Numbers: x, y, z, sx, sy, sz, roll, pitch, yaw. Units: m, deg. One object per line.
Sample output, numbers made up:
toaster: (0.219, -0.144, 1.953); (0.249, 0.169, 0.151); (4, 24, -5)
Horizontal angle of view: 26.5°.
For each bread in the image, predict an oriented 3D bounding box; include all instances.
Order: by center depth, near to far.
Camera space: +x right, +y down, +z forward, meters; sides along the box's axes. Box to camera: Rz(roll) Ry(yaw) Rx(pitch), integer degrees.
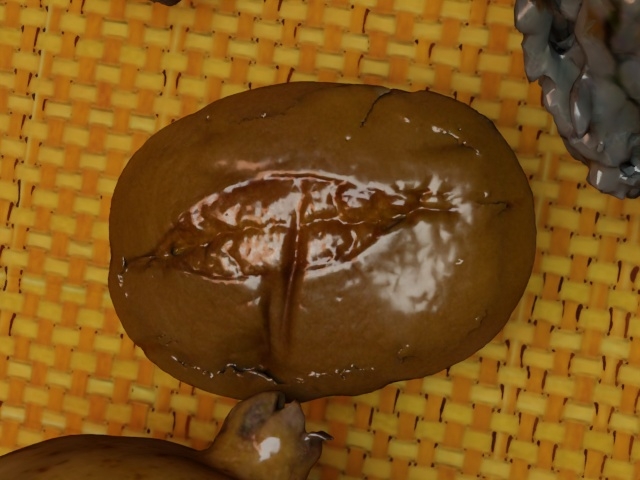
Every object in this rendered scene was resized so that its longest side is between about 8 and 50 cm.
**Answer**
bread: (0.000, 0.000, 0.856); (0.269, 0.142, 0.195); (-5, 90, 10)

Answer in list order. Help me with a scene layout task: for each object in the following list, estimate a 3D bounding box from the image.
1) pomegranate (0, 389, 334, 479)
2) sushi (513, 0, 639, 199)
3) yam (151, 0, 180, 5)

★ ★ ★ ★ ★

TASK DESCRIPTION
Among the lines above, find each one containing the string "roll" and copy it.

RESPONSE FOR THIS EXERCISE
Numbers: x, y, z, sx, sy, sz, roll, pitch, yaw. Units: m, deg. One object per line.
Camera space: +x right, +y down, +z forward, meters; sides along the box's axes. Box to camera: Rz(roll) Ry(yaw) Rx(pitch), integer degrees.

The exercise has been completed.